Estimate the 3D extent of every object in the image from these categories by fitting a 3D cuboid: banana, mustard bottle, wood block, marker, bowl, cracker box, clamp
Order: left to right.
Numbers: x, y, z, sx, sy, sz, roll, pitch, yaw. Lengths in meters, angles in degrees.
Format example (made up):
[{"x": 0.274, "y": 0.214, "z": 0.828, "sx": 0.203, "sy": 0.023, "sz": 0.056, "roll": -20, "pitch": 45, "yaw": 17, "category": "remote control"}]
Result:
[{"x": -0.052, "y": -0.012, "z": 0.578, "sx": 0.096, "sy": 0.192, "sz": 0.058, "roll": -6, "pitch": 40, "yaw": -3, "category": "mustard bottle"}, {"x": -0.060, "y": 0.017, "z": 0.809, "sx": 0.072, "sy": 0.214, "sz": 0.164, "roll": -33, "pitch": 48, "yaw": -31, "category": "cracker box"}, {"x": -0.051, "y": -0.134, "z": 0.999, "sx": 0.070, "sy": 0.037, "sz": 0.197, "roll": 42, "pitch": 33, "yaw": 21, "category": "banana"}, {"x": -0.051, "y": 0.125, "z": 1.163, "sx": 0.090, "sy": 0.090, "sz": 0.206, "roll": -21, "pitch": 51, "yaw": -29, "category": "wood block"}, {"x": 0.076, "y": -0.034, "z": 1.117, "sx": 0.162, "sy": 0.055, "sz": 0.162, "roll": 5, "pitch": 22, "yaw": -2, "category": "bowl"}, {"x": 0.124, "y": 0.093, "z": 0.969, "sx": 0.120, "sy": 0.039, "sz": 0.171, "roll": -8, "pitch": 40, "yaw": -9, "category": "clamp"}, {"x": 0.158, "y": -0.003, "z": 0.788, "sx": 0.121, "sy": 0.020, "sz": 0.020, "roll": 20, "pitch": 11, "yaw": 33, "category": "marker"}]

□ □ □ □

== PROBLEM TO WORK ON ==
Give again the closing portion of the entries, from the line with "Format example (made" through the last line. Keep it exact and add nothing.

== EXERCISE OUTPUT ==
Format example (made up):
[{"x": 0.274, "y": 0.214, "z": 0.828, "sx": 0.203, "sy": 0.023, "sz": 0.056, "roll": -20, "pitch": 45, "yaw": 17, "category": "remote control"}]
Result:
[{"x": -0.052, "y": -0.012, "z": 0.578, "sx": 0.096, "sy": 0.192, "sz": 0.058, "roll": -6, "pitch": 40, "yaw": -3, "category": "mustard bottle"}, {"x": -0.060, "y": 0.017, "z": 0.809, "sx": 0.072, "sy": 0.214, "sz": 0.164, "roll": -33, "pitch": 48, "yaw": -31, "category": "cracker box"}, {"x": -0.051, "y": -0.134, "z": 0.999, "sx": 0.070, "sy": 0.037, "sz": 0.197, "roll": 42, "pitch": 33, "yaw": 21, "category": "banana"}, {"x": -0.051, "y": 0.125, "z": 1.163, "sx": 0.090, "sy": 0.090, "sz": 0.206, "roll": -21, "pitch": 51, "yaw": -29, "category": "wood block"}, {"x": 0.076, "y": -0.034, "z": 1.117, "sx": 0.162, "sy": 0.055, "sz": 0.162, "roll": 5, "pitch": 22, "yaw": -2, "category": "bowl"}, {"x": 0.124, "y": 0.093, "z": 0.969, "sx": 0.120, "sy": 0.039, "sz": 0.171, "roll": -8, "pitch": 40, "yaw": -9, "category": "clamp"}, {"x": 0.158, "y": -0.003, "z": 0.788, "sx": 0.121, "sy": 0.020, "sz": 0.020, "roll": 20, "pitch": 11, "yaw": 33, "category": "marker"}]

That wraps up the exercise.